Toothpaste, Baseball, and ePHI

December 2, 2022

Covered entities and business associates, like healthcare providers, that use online tracking technology should be aware of their ePHI management to HIPAA standards 

OCR Recently Released a Bulletin Outlining the Proper Use of Tracking Tech in Accordance with HIPAA Compliance

Have you ever talked about being out of toothpaste at work, and then when you get home there’s an ad for Colgate on your tablet as you decide what to order for dinner? It’s creepy, but it’s efficient. You’ve been targeted and the Colgate marketing department is doing its job. In this example, the transmission of your tracked demographics and shopping habits is not as sensitive as the transmission of your patient’s data. 

Yesterday, the Office for Civil Rights (OCR) at the U.S. Department of Health and Human Services issued a bulletin regarding the correlation between sharing electronic protected health information (ePHI) and online tracking technology. While we aren’t experts in targeted advertising, we are HIPAA experts. There are rules that apply to regulated entities, like you, when collecting information through tracking technologies or disclosing ePHI to vendors you may be working with. The OCR put it plainly, “Regulated entities are not permitted to use tracking technologies in a manner that would result in impermissible disclosures of ePHI to tracking technology vendors or any other violations of the HIPAA rules.” 

Do you know if your PHI is being captured through online tracking? Are you monitoring what patient data is being shared with third-party vendors? Even more important, do you use Google Analytics or Meta Pixel – if so, you might want to listen up. Whether you set this tracking up yourself or a third-party agency did, without permissible disclosures from your patients, if their ePHI is shared through the tracking technology, you are putting your practice and patients at risk. 

Let’s head around the bases to make sure you’re covering your bases. 

Nice base hit – you made it to first.

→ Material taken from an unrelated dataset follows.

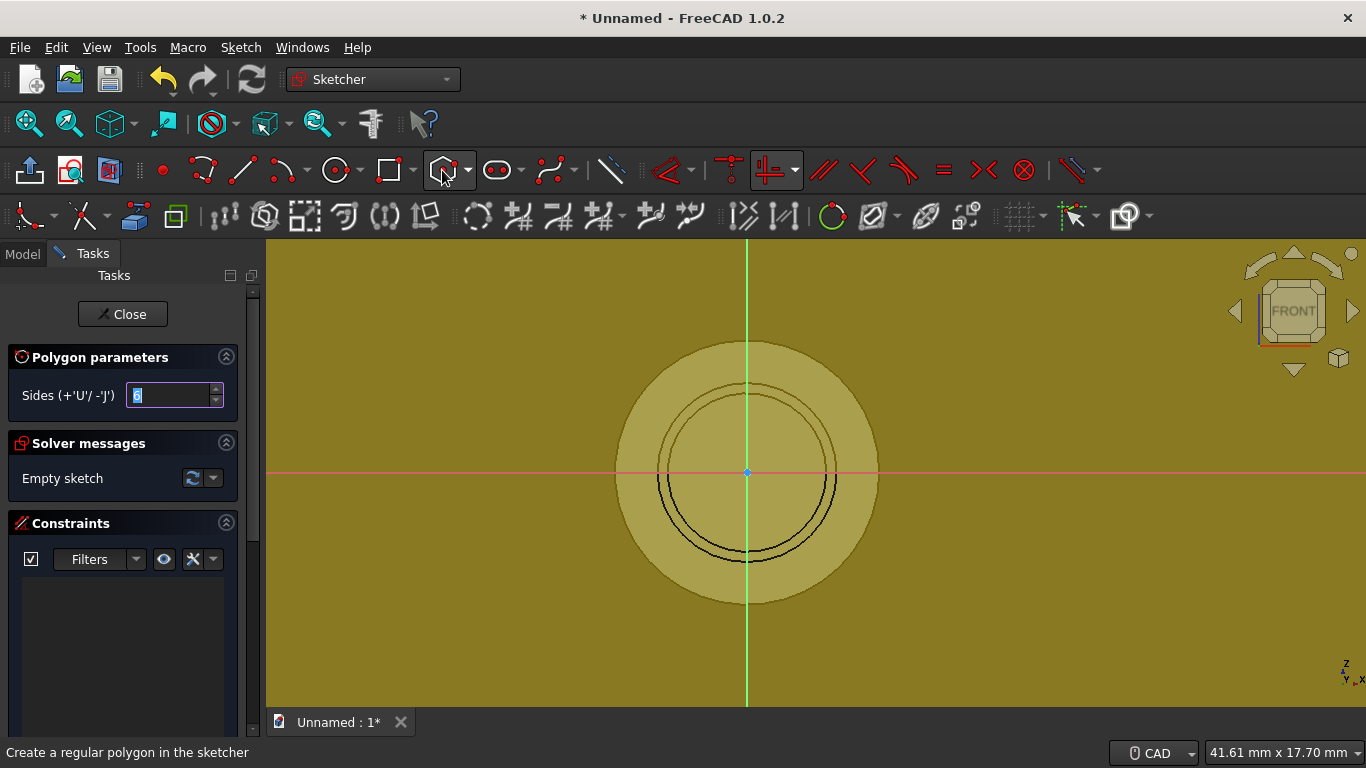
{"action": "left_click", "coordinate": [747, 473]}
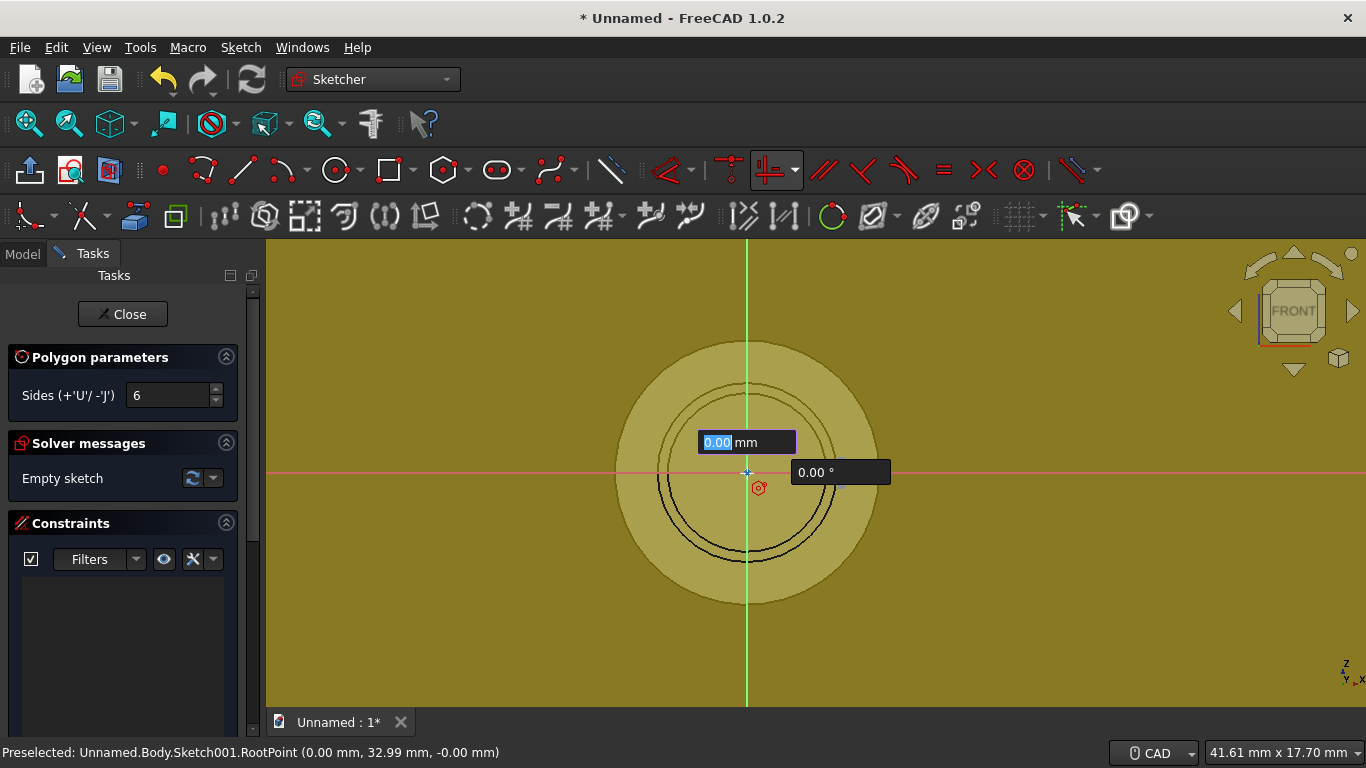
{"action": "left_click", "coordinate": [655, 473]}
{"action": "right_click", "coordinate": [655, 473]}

The first thing you can do is ensure you have Business Associate Agreements (BAA) in place with all third-party vendors, especially those who create, maintain, or receive ePHI. While you’re cross-checking if your vendors meet the definition of a business associate, make sure your agreements denote the permitted use case for ePHI. 

And the crowd goes wild – way to steal second. Before you think well I’ll just ask the vendor to delete any protected data before they use or save it, that’s not going to cut it. Per the OCR, “Any disclosure of PHI to the vendor without individuals’ authorizations…requires that there is an applicable Privacy Rule permission for disclosure.” Through the Privacy Rule, patients are empowered to have more control over their health information to access and make any changes as needed and boundaries are set on the use and release of health records, including the minimum necessary standard for information disclosures. 

A bunt from your teammate gets you over to third – nice work! Before we round out to home, ask yourself if the risk is worth the reward. And if you’re still unsure, check in with your Security Risk Analysis and scorecard – another benefit to Abyde’s ongoing compliance. We work with you to identify the potential risk and exposure associated. 

As we make our way to home base, we will summarize with this: if ePHI is involved in any of the data the tracking technology is sharing, HIPAA rules need to be followed. Here are the final words from the OCR, “all disclosures of PHI to tracking technology vendors are specifically permitted by the Privacy Rule and that, unless an exception applies, only the minimum necessary PHI to achieve the intended purpose is disclosed.”